The Transportation Security Administration is recommending armed officers be posted at airport security checkpoints during peak hours. This follows a nationwide review in response to a shooting at Los Angeles International Airport by a 23-year-old New Jersey man last fall.

Paul Ciancia
Paul Ciancia of Pennsville, NJ, charged with killing a TSA screener and wounding 3 other people at Los Angeles International Airport on Nov. 1, 2013. Photo courtesy of Los Angeles Police Department.

The 25-page internal report to Congress was obtained by The Associated Press. Congress will now consider the report’s 14 recommendations. The gunman was identified as Paul Ciancia, who opened fire with an assault rifle in 2013 attack targeting the TSA, authorities said. Two officers and a passenger were wounded.

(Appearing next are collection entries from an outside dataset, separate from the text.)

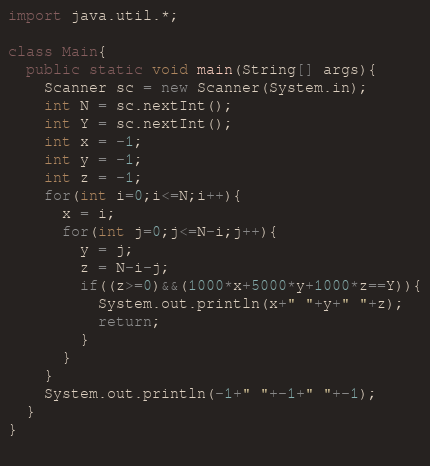Convert code to text. <code><loc_0><loc_0><loc_500><loc_500><_Java_>import java.util.*;

class Main{
  public static void main(String[] args){
    Scanner sc = new Scanner(System.in);
    int N = sc.nextInt();
    int Y = sc.nextInt();
    int x = -1;
    int y = -1;
    int z = -1;
    for(int i=0;i<=N;i++){
      x = i;
      for(int j=0;j<=N-i;j++){
        y = j;
        z = N-i-j;
        if((z>=0)&&(1000*x+5000*y+1000*z==Y)){
          System.out.println(x+" "+y+" "+z);
          return;
        }
      }
    }
    System.out.println(-1+" "+-1+" "+-1);
  }
}
    
</code> 
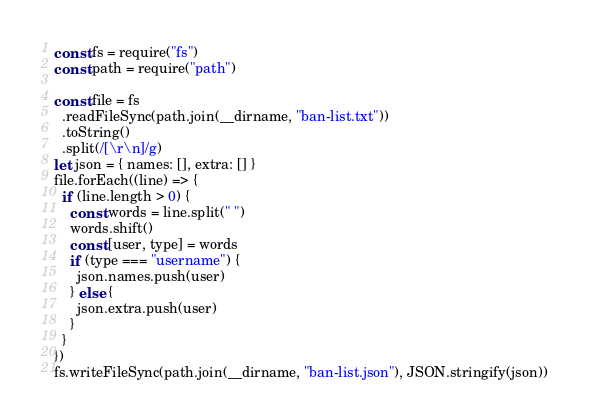Convert code to text. <code><loc_0><loc_0><loc_500><loc_500><_JavaScript_>const fs = require("fs")
const path = require("path")

const file = fs
  .readFileSync(path.join(__dirname, "ban-list.txt"))
  .toString()
  .split(/[\r\n]/g)
let json = { names: [], extra: [] }
file.forEach((line) => {
  if (line.length > 0) {
    const words = line.split(" ")
    words.shift()
    const [user, type] = words
    if (type === "username") {
      json.names.push(user)
    } else {
      json.extra.push(user)
    }
  }
})
fs.writeFileSync(path.join(__dirname, "ban-list.json"), JSON.stringify(json))
</code> 
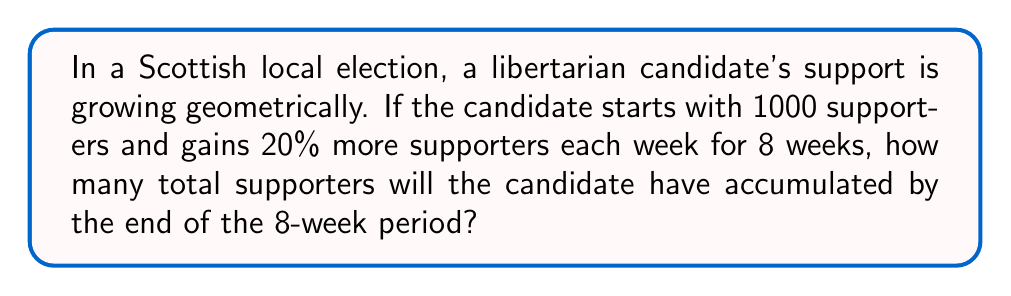Solve this math problem. Let's approach this step-by-step using a geometric series:

1) Initial term (a): 1000 supporters
2) Common ratio (r): 1.20 (20% increase = 1 + 0.20)
3) Number of terms (n): 9 (initial supporters plus 8 weeks of growth)

The formula for the sum of a geometric series is:

$$ S_n = a\frac{1-r^n}{1-r} $$

Where:
$S_n$ is the sum of the series
$a$ is the first term
$r$ is the common ratio
$n$ is the number of terms

Substituting our values:

$$ S_9 = 1000\frac{1-1.20^9}{1-1.20} $$

$$ S_9 = 1000\frac{1-5.159780352}{-0.20} $$

$$ S_9 = 1000\frac{-4.159780352}{-0.20} $$

$$ S_9 = 1000 \times 20.79890176 $$

$$ S_9 = 20798.90176 $$

Rounding to the nearest whole number (as we can't have fractional supporters):

$$ S_9 \approx 20799 $$
Answer: 20799 supporters

Ciancia, who was wounded by police in a shootout during the incident, was indicted on charges including murder and attempted murder and is in custody, awaiting trial. Justice Department lawyers said this earlier this month they will make a recommendation by July 11 on whether to seek the death penalty in the case. Ciancia’s next court appearance has been scheduled for Aug. 11.

The AP has reported that the two armed officers at the LAX terminal had left for breaks and were out of the terminal at the time of the shooting. Airport police had decided months earlier to have officers roam terminals instead of staffing checkpoints such as the one approached by Ciancia.

The Transportation Security Administration conducted its own review of security at nearly 450 airports nationwide after the Nov. 1 shooting at LAX.

TSA Officer Gerardo Hernandez was killed, becoming the agency’s first line of duty death.

Dozens of groups including law enforcement, airline and airport operators have met multiple times since the shooting to discuss ways to improve airport security.

Los Angeles World Airports, which operates LAX, released its review last week that found the emergency response was hindered by communication and coordination problems. The 83-page report spotlighted flaws in various airport divisions and systems that were in place, but didn’t single out individuals responsible for problems.

It also made no mention of the two armed officers who were out of position without notifying dispatchers as required or the policy change to roaming patrols months earlier.